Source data
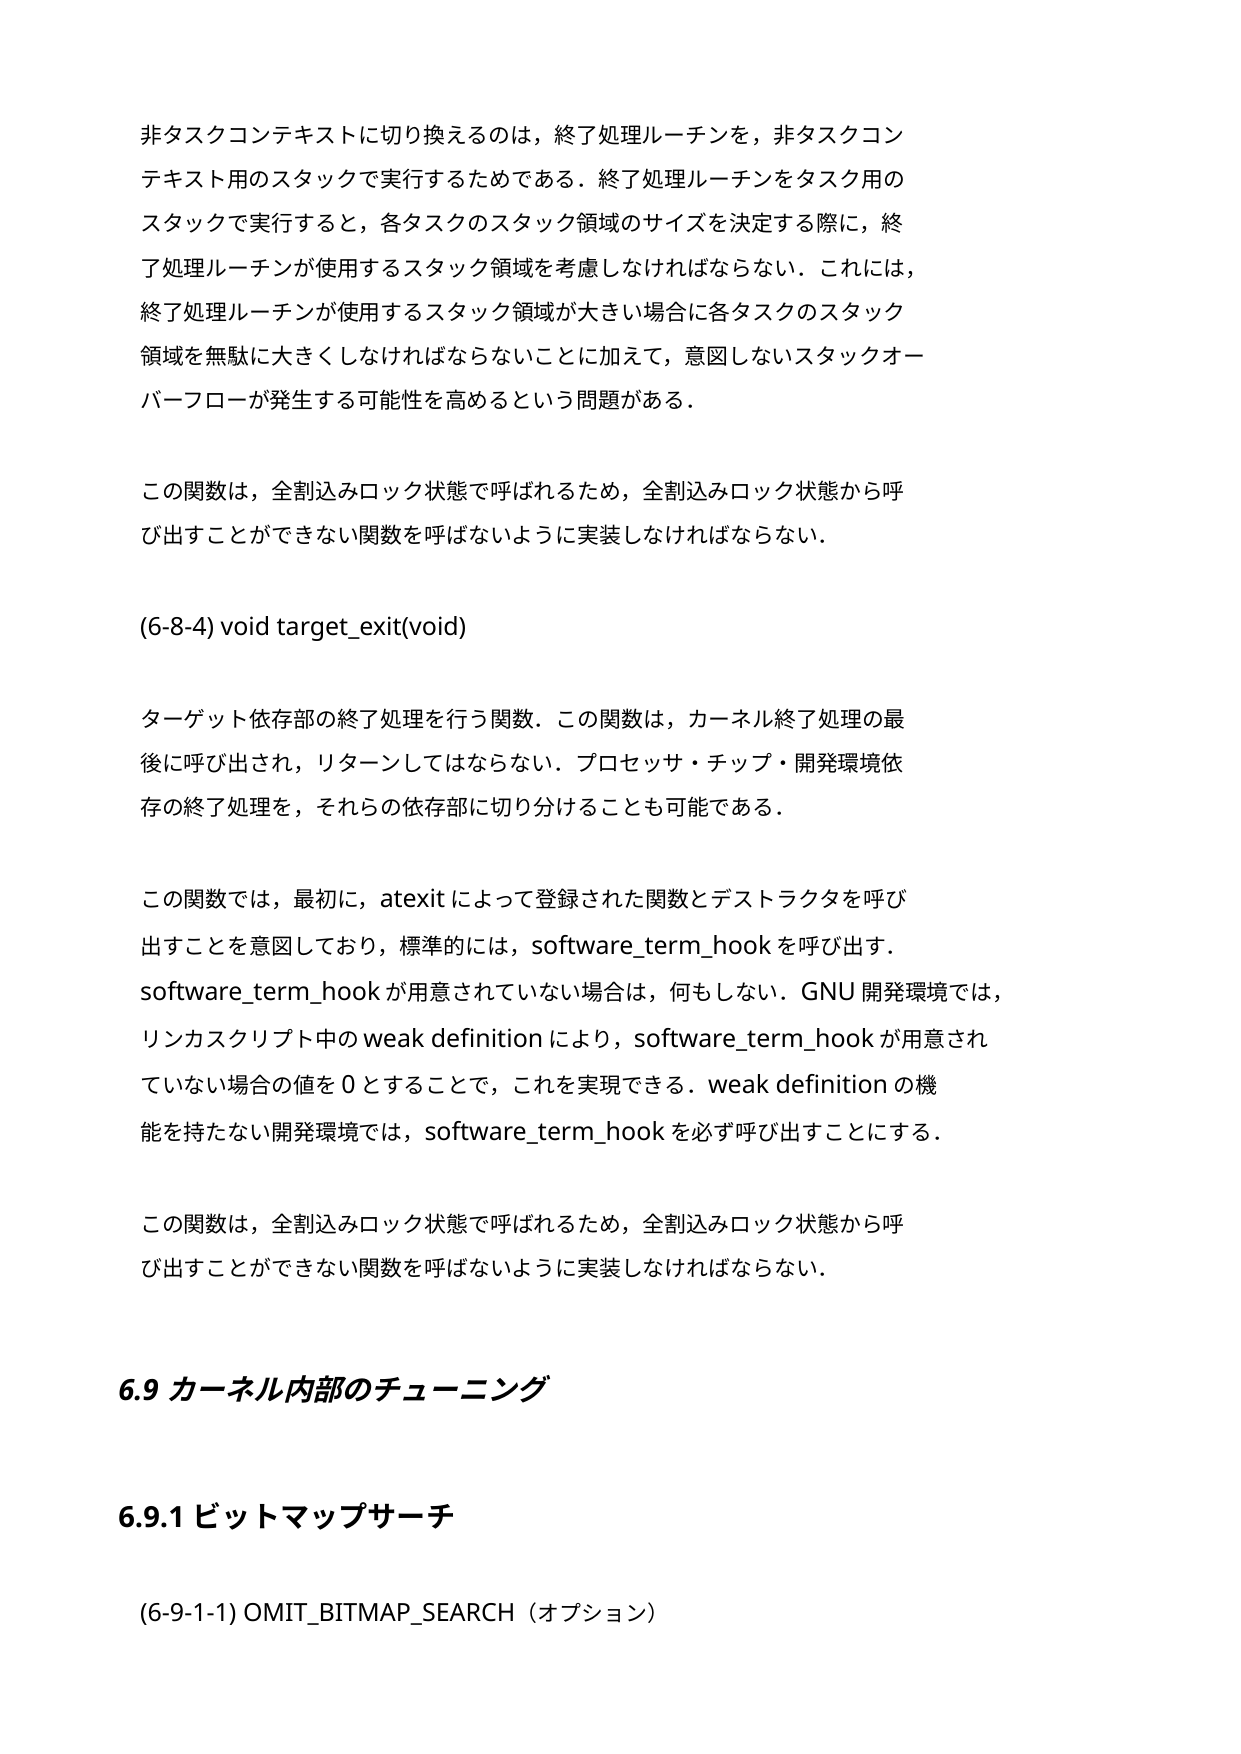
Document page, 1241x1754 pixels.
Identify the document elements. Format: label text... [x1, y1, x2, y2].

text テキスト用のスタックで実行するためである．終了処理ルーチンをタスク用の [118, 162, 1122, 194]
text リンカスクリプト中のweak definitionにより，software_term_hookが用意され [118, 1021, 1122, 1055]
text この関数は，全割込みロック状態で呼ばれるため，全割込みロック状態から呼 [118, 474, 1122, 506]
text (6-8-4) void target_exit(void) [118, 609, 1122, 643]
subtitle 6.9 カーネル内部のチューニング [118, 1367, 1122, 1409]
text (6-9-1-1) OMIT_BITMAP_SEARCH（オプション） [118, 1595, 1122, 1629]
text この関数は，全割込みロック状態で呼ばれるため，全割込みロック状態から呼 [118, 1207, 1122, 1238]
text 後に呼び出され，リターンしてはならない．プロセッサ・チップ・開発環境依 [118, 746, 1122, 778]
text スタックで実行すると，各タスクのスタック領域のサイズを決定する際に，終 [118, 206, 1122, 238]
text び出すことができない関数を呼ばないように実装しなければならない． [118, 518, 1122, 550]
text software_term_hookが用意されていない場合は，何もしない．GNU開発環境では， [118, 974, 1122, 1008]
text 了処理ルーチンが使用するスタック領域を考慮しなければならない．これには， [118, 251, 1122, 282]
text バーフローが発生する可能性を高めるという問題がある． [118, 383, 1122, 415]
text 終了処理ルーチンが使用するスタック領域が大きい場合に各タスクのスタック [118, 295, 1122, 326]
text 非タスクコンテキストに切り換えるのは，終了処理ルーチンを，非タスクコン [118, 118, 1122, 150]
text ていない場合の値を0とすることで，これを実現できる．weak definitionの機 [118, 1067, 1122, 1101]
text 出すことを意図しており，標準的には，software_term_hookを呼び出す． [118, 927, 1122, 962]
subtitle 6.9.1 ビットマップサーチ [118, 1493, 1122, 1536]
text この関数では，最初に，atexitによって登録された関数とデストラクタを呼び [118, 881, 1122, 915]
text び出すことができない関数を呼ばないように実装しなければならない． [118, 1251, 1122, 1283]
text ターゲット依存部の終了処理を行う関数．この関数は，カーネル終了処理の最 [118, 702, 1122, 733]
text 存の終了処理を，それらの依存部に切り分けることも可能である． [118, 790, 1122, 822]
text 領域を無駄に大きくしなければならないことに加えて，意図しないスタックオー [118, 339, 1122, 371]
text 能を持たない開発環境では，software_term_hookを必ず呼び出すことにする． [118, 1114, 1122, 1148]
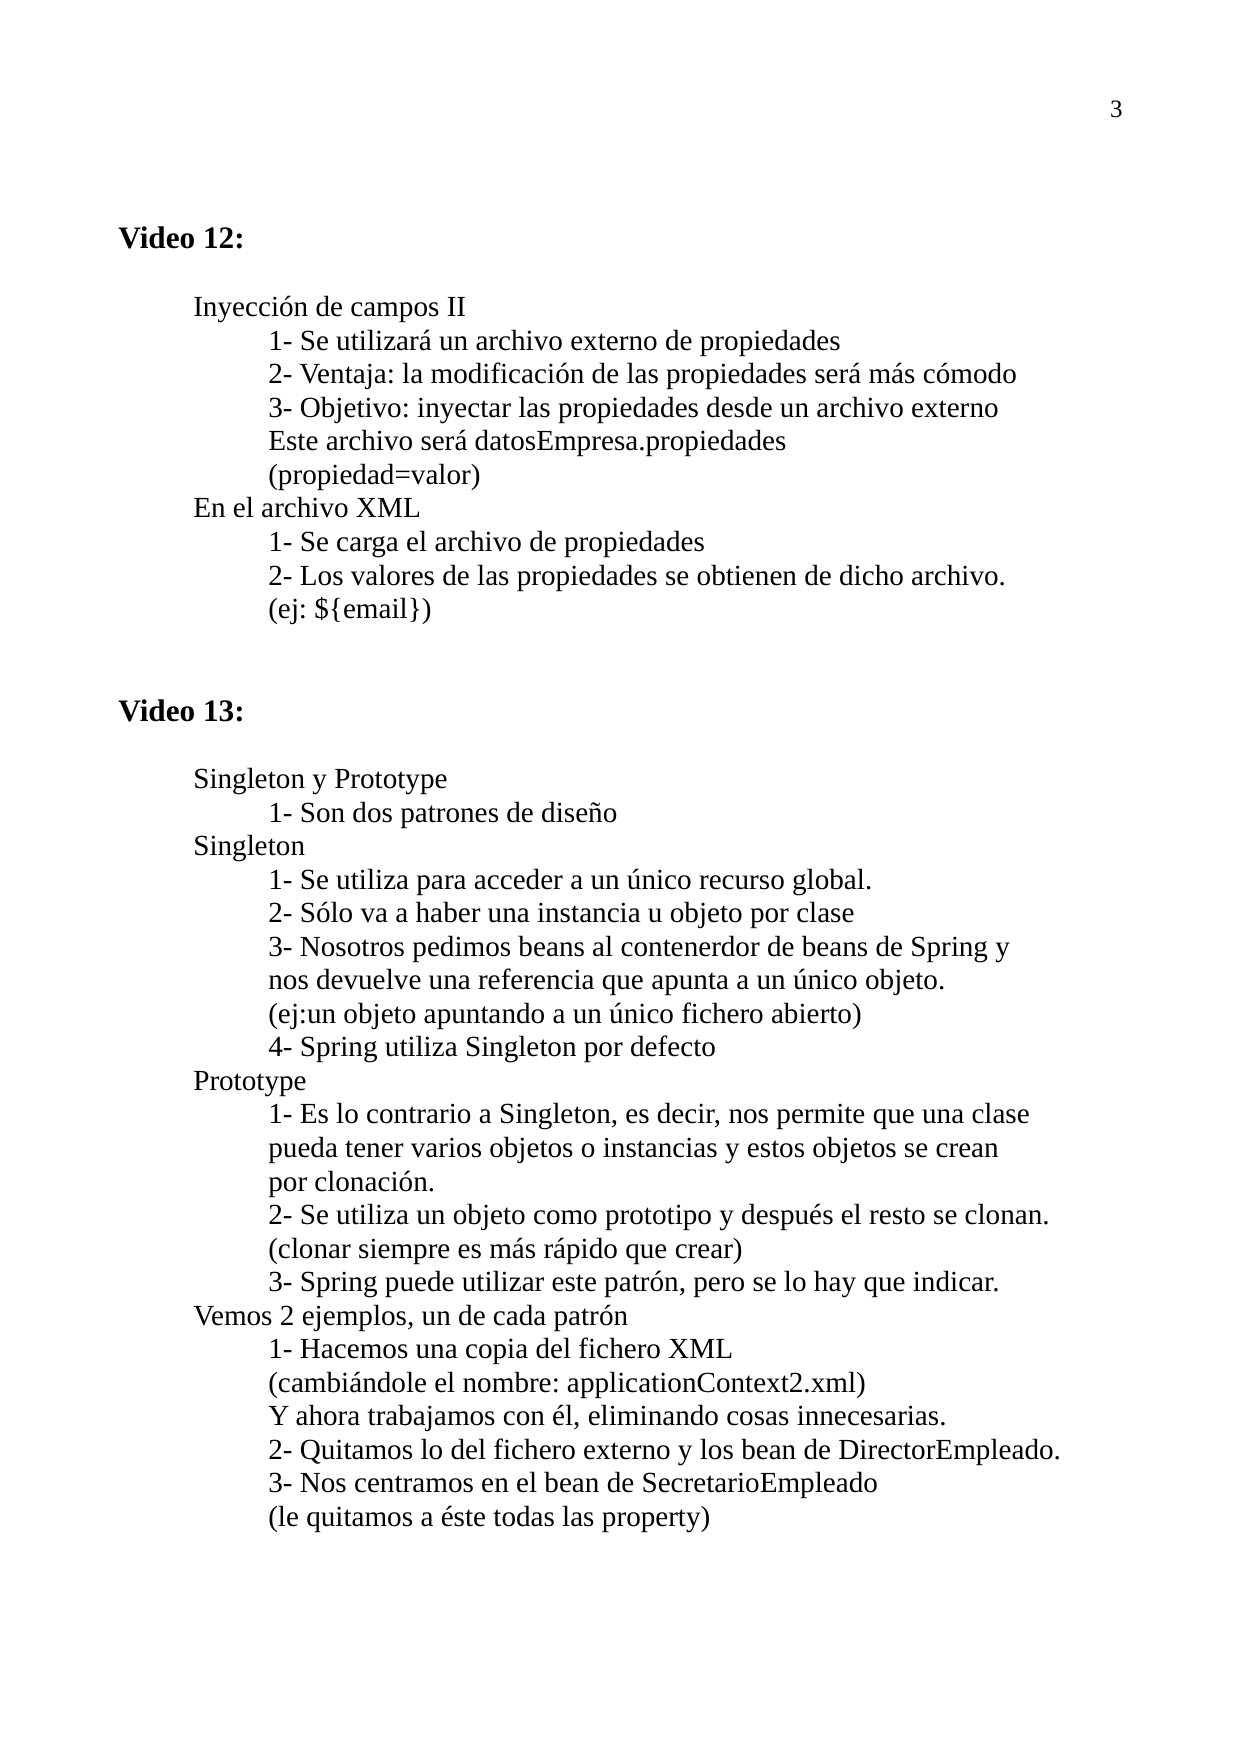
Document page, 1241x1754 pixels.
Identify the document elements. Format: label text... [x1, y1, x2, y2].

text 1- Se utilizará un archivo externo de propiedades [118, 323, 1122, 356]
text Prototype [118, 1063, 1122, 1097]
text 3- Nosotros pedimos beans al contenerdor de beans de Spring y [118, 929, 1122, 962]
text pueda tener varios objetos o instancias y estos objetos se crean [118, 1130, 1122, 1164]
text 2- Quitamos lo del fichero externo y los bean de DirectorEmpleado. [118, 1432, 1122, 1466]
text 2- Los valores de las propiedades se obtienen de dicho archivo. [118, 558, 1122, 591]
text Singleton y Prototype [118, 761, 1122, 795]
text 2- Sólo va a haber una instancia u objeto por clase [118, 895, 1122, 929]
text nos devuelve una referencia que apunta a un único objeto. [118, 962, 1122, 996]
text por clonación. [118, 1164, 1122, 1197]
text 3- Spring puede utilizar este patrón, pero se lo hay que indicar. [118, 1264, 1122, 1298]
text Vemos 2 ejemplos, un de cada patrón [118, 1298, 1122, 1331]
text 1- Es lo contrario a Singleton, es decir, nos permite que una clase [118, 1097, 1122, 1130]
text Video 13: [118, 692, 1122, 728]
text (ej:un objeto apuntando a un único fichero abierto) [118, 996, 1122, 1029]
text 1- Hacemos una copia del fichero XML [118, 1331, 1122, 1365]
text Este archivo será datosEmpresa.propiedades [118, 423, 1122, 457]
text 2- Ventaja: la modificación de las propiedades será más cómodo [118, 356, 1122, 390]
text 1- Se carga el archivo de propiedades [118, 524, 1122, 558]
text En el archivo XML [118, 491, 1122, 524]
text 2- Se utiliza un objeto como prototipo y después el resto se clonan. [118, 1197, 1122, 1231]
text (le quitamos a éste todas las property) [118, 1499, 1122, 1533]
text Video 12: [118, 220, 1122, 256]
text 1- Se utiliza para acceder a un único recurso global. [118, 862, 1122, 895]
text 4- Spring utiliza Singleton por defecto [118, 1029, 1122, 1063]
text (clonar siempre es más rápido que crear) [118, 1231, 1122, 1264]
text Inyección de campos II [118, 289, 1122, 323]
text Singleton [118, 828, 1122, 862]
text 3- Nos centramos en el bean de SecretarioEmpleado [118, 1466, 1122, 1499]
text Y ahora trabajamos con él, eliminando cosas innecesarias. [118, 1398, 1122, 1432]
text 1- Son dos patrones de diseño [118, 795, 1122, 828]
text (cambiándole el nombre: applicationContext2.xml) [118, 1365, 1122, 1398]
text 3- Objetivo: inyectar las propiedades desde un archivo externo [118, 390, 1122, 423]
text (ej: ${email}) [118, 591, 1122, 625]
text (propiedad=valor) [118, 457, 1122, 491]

### [EXERCISE BRIEF]
Copy the lines above exactly. Start with the line containing "text スタックで実行すると，各タスクのスタック領域のサイズを決定する際に，終 [118, 206, 1122, 238]", end with the line containing "text バーフローが発生する可能性を高めるという問題がある． [118, 383, 1122, 415]", and include both.

### [EXPECTED ANSWER]
text スタックで実行すると，各タスクのスタック領域のサイズを決定する際に，終 [118, 206, 1122, 238]
text び出すことができない関数を呼ばないように実装しなければならない． [118, 518, 1122, 550]
text software_term_hookが用意されていない場合は，何もしない．GNU開発環境では， [118, 974, 1122, 1008]
text 了処理ルーチンが使用するスタック領域を考慮しなければならない．これには， [118, 251, 1122, 282]
text バーフローが発生する可能性を高めるという問題がある． [118, 383, 1122, 415]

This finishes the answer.